Unfortunately, many affected horses fail to respond to any and all of the available treatments and there is not a single treatment option that is universally effective.

  • Medication. Some drugs that may reduce the effects of trigeminal neuralgia, such as cyproheptadine and carbamazepine, have been used to good effect in some horses affected with headshaking.

  • Eye shading. Specially developed tinted contact lenses and eye shades (sun glasses) have been useful in some of those horses in which bright light appears to aggravate the headshaking behavior.
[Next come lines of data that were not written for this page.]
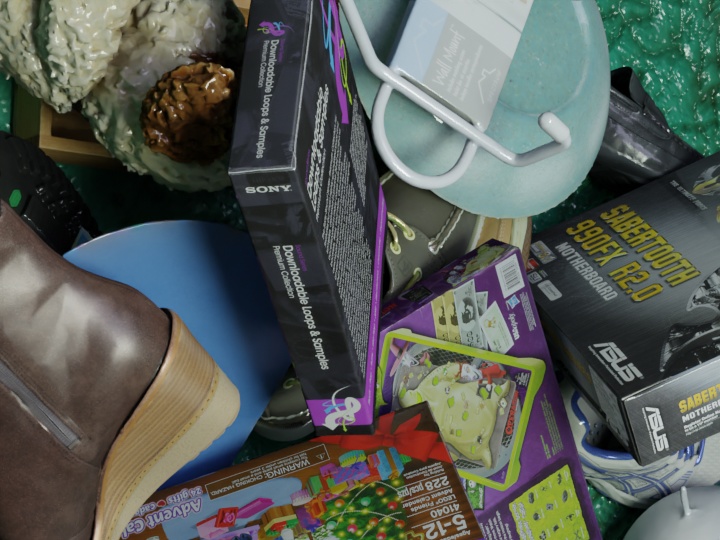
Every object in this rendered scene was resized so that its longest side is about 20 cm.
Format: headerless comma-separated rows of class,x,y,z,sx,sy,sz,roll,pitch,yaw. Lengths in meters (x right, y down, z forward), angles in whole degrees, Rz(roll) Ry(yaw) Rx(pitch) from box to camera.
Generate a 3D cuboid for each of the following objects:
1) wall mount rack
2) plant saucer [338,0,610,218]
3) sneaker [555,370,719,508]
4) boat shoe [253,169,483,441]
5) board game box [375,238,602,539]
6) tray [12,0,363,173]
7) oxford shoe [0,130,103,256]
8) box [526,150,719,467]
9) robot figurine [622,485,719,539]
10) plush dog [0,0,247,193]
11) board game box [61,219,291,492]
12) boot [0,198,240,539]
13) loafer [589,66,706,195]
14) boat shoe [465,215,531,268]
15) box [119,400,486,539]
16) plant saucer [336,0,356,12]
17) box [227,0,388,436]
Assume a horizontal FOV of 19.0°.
wall mount rack,0.049,-0.151,1.108,0.173,0.074,0.201,33,61,-23
plant saucer,0.078,-0.131,1.198,0.200,0.039,0.202,12,71,-37
sneaker,0.169,0.101,1.284,0.199,0.088,0.076,8,77,-36
boat shoe,0.002,0.001,1.168,0.202,0.072,0.060,-51,157,-20
board game box,0.060,0.097,1.171,0.120,0.032,0.201,-32,119,-28
tray,-0.089,-0.099,1.156,0.199,0.037,0.099,7,80,-36
oxford shoe,-0.195,-0.026,1.056,0.200,0.084,0.073,39,28,-43
box,0.182,0.015,1.204,0.158,0.200,0.049,-24,119,-6
robot figurine,0.230,0.206,1.296,0.200,0.113,0.170,40,97,-24
plush dog,-0.113,-0.108,1.031,0.160,0.200,0.172,-43,92,11
board game box,-0.118,0.051,1.076,0.158,0.039,0.201,13,115,-40
boot,-0.172,0.075,0.998,0.200,0.072,0.166,-46,122,11
loafer,0.157,-0.089,1.311,0.200,0.068,0.071,24,80,-27
boat shoe,0.039,0.029,1.214,0.076,0.072,0.201,22,71,-20
box,-0.036,0.156,1.058,0.199,0.039,0.137,-19,52,-6
plant saucer,0.000,-0.230,1.220,0.200,0.051,0.202,10,73,-37
box,-0.021,-0.035,1.029,0.200,0.036,0.143,77,14,-49
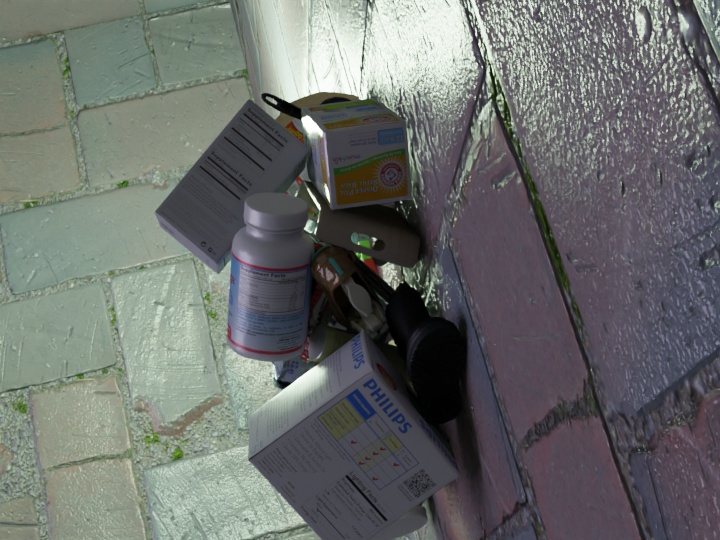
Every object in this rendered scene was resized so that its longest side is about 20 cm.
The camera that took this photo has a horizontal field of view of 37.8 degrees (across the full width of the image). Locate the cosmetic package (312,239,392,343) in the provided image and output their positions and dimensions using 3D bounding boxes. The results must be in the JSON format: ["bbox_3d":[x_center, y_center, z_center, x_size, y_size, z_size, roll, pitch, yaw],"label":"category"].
[{"bbox_3d":[-0.032,0.040,1.557,0.199,0.083,0.051,40,176,0],"label":"cosmetic package"}]

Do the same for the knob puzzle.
[{"bbox_3d":[-0.069,-0.189,1.611,0.030,0.218,0.222,37,-151,-51],"label":"knob puzzle"}]

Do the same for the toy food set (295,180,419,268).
[{"bbox_3d":[-0.010,-0.060,1.438,0.200,0.142,0.061,-125,54,-69],"label":"toy food set"}]

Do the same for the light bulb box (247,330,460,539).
[{"bbox_3d":[-0.010,0.225,1.366,0.199,0.199,0.125,51,-170,-20],"label":"light bulb box"}]

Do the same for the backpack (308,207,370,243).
[{"bbox_3d":[-0.057,-0.105,1.718,0.200,0.149,0.180,71,179,-86],"label":"backpack"}]

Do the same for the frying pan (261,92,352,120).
[{"bbox_3d":[-0.046,-0.221,1.509,0.031,0.115,0.190,-4,135,52],"label":"frying pan"}]

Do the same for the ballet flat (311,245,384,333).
[{"bbox_3d":[-0.004,0.041,1.387,0.072,0.068,0.201,44,169,35],"label":"ballet flat"}]

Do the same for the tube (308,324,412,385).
[{"bbox_3d":[0.024,0.123,1.445,0.052,0.198,0.059,-20,59,56],"label":"tube"}]

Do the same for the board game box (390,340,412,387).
[{"bbox_3d":[0.075,0.193,1.628,0.200,0.046,0.154,-173,70,-82],"label":"board game box"}]

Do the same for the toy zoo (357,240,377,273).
[{"bbox_3d":[0.021,0.044,1.878,0.131,0.020,0.203,110,146,-76],"label":"toy zoo"}]

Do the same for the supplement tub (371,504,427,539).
[{"bbox_3d":[0.033,0.361,1.855,0.146,0.143,0.202,91,164,-61],"label":"supplement tub"}]

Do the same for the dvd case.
[{"bbox_3d":[0.000,0.000,1.536,0.200,0.022,0.146,43,178,-9],"label":"dvd case"}]

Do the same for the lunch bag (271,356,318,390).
[{"bbox_3d":[-0.053,0.133,1.671,0.200,0.167,0.129,134,139,-74],"label":"lunch bag"}]

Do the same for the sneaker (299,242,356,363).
[{"bbox_3d":[-0.052,0.048,1.455,0.078,0.081,0.202,51,138,37],"label":"sneaker"}]

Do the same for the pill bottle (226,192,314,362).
[{"bbox_3d":[-0.116,0.008,1.365,0.109,0.107,0.203,-119,32,-64],"label":"pill bottle"}]

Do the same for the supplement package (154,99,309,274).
[{"bbox_3d":[-0.173,-0.112,1.436,0.109,0.201,0.114,38,169,-1],"label":"supplement package"}]

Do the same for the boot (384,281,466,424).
[{"bbox_3d":[0.078,0.083,1.341,0.200,0.072,0.164,80,173,-48],"label":"boot"}]

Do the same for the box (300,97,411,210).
[{"bbox_3d":[-0.008,-0.158,1.395,0.200,0.111,0.103,-122,25,-70],"label":"box"}]

  • Scarring of the trigeminal nerve. If anesthesia of a part of the trigeminal nerve is shown to ameliorate headshaking behavior, some veterinarians have elected to either cut or permanently scar (injection if a chemical sclerosing agent) those parts of the trigeminal nerve, although these procedures have not been universally successful. Scarring of the deeper portions of the trigeminal nerve must be performed under general anesthesia.

    Surgical cutting of the trigeminal nerve should not be undertaken lightly; a common complication (apart from the possibility that the procedure may fail to stop the headshaking problem) is development of a new abnormal nerve sensation (neuroma) at the site of the surgery. Trigeminal neuroma formation may, in some cases, lead to abnormal facial sensation and pain when the horse's head is handled. The last thing you want is a horse that is worse, and possibly disfigured.

  • Facial mask. Being fitted with a special mask (nasal mask) that either reduces the intake of dust or attenuates the airflow through the nasal passages helps some affected horses. You can even try something as simple as a nylon stocking at first as a test, although this obviously does not block the wind completely.

  • Tracheostomy. A treatment of relatively last resort is the permanent tracheostomy; many severely affected horses can be managed by providing the alternative airway and abrogating the triggering effect of airflow in the nasal passages.

  • Acupuncture. There are many claims that acupuncture reduces the signs of headshaking but there have been no controlled studies in horses or humans with the similar disease to date.

  • Euthanasia. Euthanasia is elected for some of the severely affected horses for which attempted treatment options have failed. As a testament to the mental anguish with which horses affected with the headshaking problem are subjected, a common consequence of trigeminal neuralgia in human patients is suicide.

    Other Consequences

    In many cases, the affected horses are sold during the early stages of the disease while the headshaking behavior is episodic and the horse might be seen to be unaffected. In some cases, insurance companies are asked to pay for the cost of "loss of use" (depending on the insurance policy.) A number of horses affected with severe signs of headshaking are euthanatized.